Since I'm in Berlin, encounters with history are very often. More or less recent, problematic or less problematic, this city is a good destination for all those with an interest in the past. What I find very often ironic is the extent of the past transferred into present, mostly in the Eastern side of the city. Probably it's available for the East side of Germany, but didn't have enough time to fully explore this approach.
As somebody born and raised in Eastern Europe, I don't find any sympathy for the youngsters with red stars on their T-Shirts or pledging for a communist world, they heard it's a kind of paradise on earth. Perhaps they hope that in communism nobody's working and the state is changing into a motherly Hartz IV. In this scenario, their happy communist world is looking more as a hippy vision of a carefree society whose members are forever young. Maybe they based upon a serious ideological corpus, but given the historical reality of the communism everywhere, I can't take seriously the blind followers of such craziness.
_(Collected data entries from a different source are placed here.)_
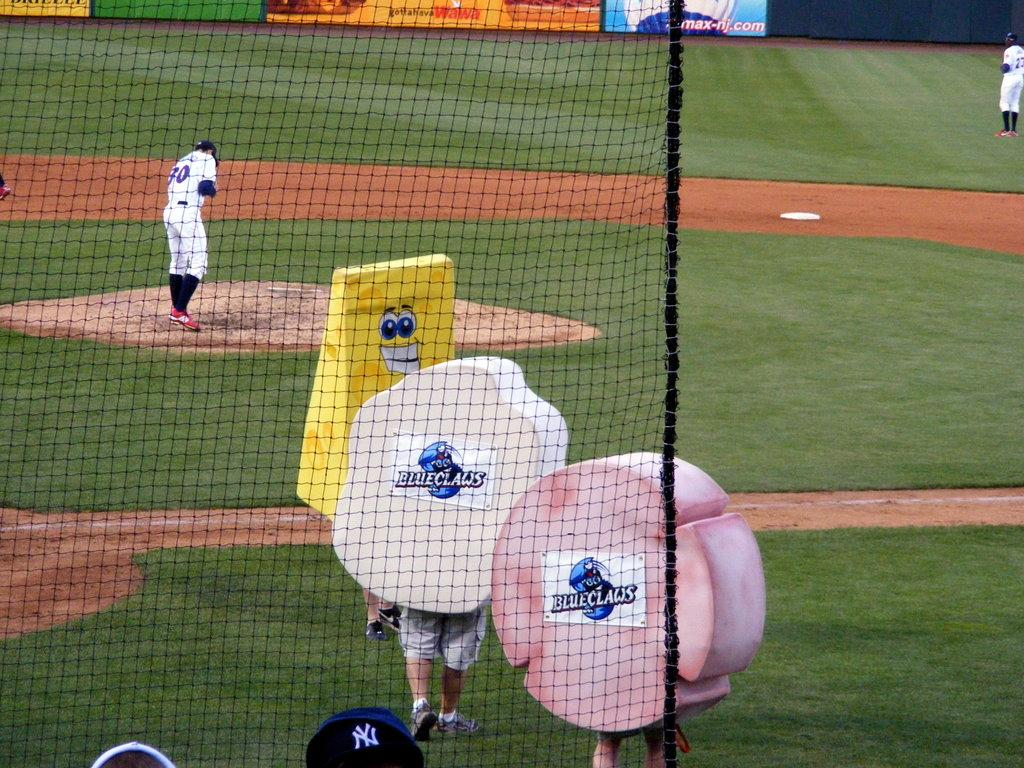Provide a one-sentence caption for the provided image. Blueclaw mascots walk onto the baseball field as the pitcher stands on the mound. 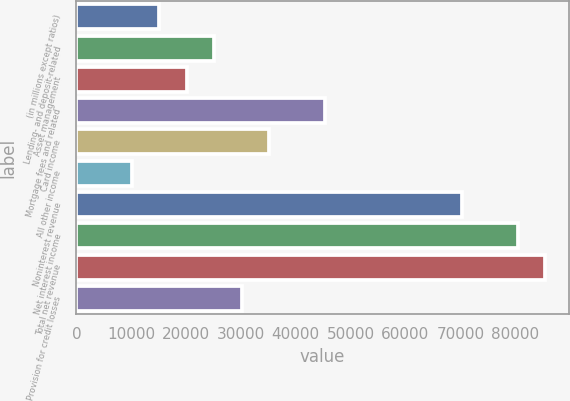Convert chart. <chart><loc_0><loc_0><loc_500><loc_500><bar_chart><fcel>(in millions except ratios)<fcel>Lending- and deposit-related<fcel>Asset management<fcel>Mortgage fees and related<fcel>Card income<fcel>All other income<fcel>Noninterest revenue<fcel>Net interest income<fcel>Total net revenue<fcel>Provision for credit losses<nl><fcel>15100.9<fcel>25151.5<fcel>20126.2<fcel>45252.7<fcel>35202.1<fcel>10075.6<fcel>70379.2<fcel>80429.8<fcel>85455.1<fcel>30176.8<nl></chart> 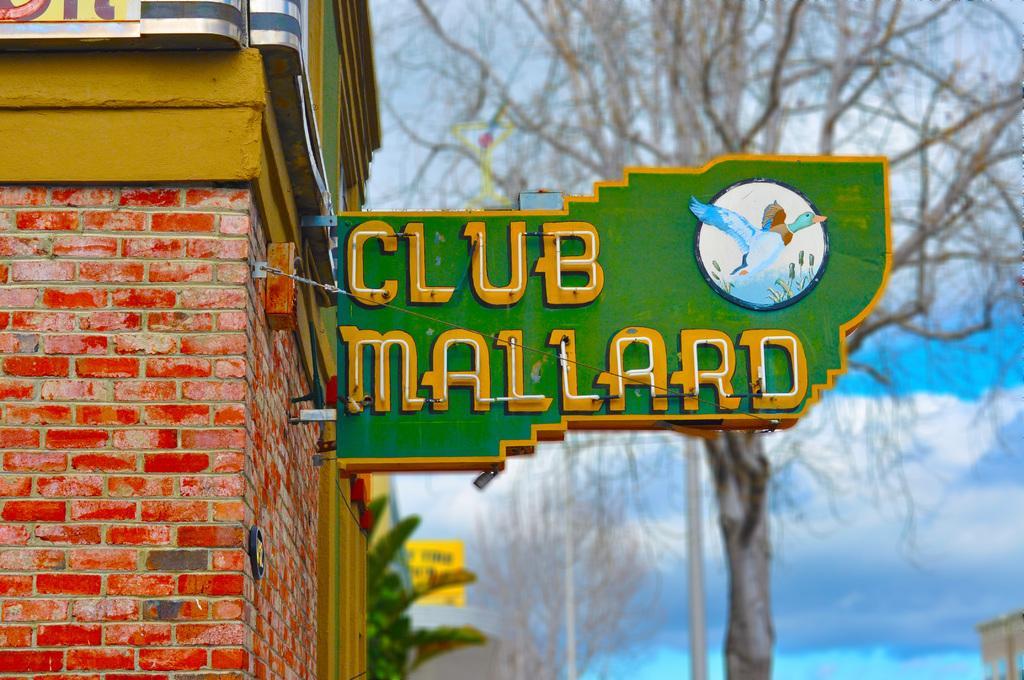Could you give a brief overview of what you see in this image? In this image we can see a building, there is the name board, there is the wall, there is the tree, at above here is the sky in blue color.

In fact, I tried to be as literary as possible, after seeing quite often billboards with conferences on Trotsky, anti-"imperialistic" statements and various other "third world" statements - the Middle East is, again, the favorite "area of expertise", as it used to be during the very red years of the Cold War. In a way, I'm happy for them all for not living anymore in a Berlin split and guarded by barbed wire.
The following images were taken in March 2011. I repeat again, for the record: March 2011. Junge Welt is the newspaper of Linke, a leftist party, publishing extensive articles on the "road to communism". I don't wish them any kind of luck.